Par un désintéressement qui sera plus admiré qu’imité, le premier des droits de Prévôts des Marchands qu’il exerça, fut de retrancher la moitié de ses appointemens, & ce ne fut pas la seule occasion où il voulut supporter le premier la suppression des dépenses qu’il ne croyoit pas indispensables.

Tant de droiture & de sagesse ne pouvoient manquer de faire de M. Bignon un Académicien digne de l’estime de cette Compagnie. La Charge si noble & si importante d’Intendant & de Garde de la Bibliothèque du Roi, lui donna de fréquentes occasions d’obliger les Gens de Lettres ; il leur faisoit part avec les attentions les plus recherchées du trésor qui lui étoit confié : les places dont il disposoit furent toujours données avec discernement : des fonds destinés à la Bibliothèque, une partie fut employée à l’augmenter, le reste à soutenir les talens sans fortune, & à soulager le mérite indigent : ses secours ont adouci la vieillesse d’un de nos meilleurs Poètes Tragiques.

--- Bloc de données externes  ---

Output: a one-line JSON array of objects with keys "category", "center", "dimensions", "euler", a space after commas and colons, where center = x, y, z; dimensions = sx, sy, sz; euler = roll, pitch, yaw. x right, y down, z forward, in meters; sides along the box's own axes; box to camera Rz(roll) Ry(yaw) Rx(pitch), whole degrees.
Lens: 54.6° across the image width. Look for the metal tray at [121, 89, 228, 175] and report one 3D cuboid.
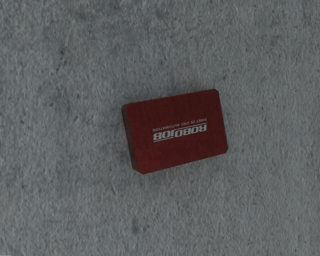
[{"category": "metal tray", "center": [0.022, 0.002, 0.414], "dimensions": [0.131, 0.030, 0.090], "euler": [-12, 94, -20]}]

Les rapports de M. Bignon avec la Cour & ses liaisons de parenté & d’amitié avec plusieurs Ministres, ne lui inspirèrent jamais le goût de l’intrigue, ni cette envie de dominer dans l’Académie, qu’on avoit pu reprocher à un de ses oncles ; il conserva toujours cette pureté d’intention & cette simplicité de conduite si recommandables dans la Société en général, peut-être plus rares & plus nécessaires encore dans les Compagnies Littéraires, où l’égalité & la liberté doivent faire le bonheur & la gloire de ceux qui les composent.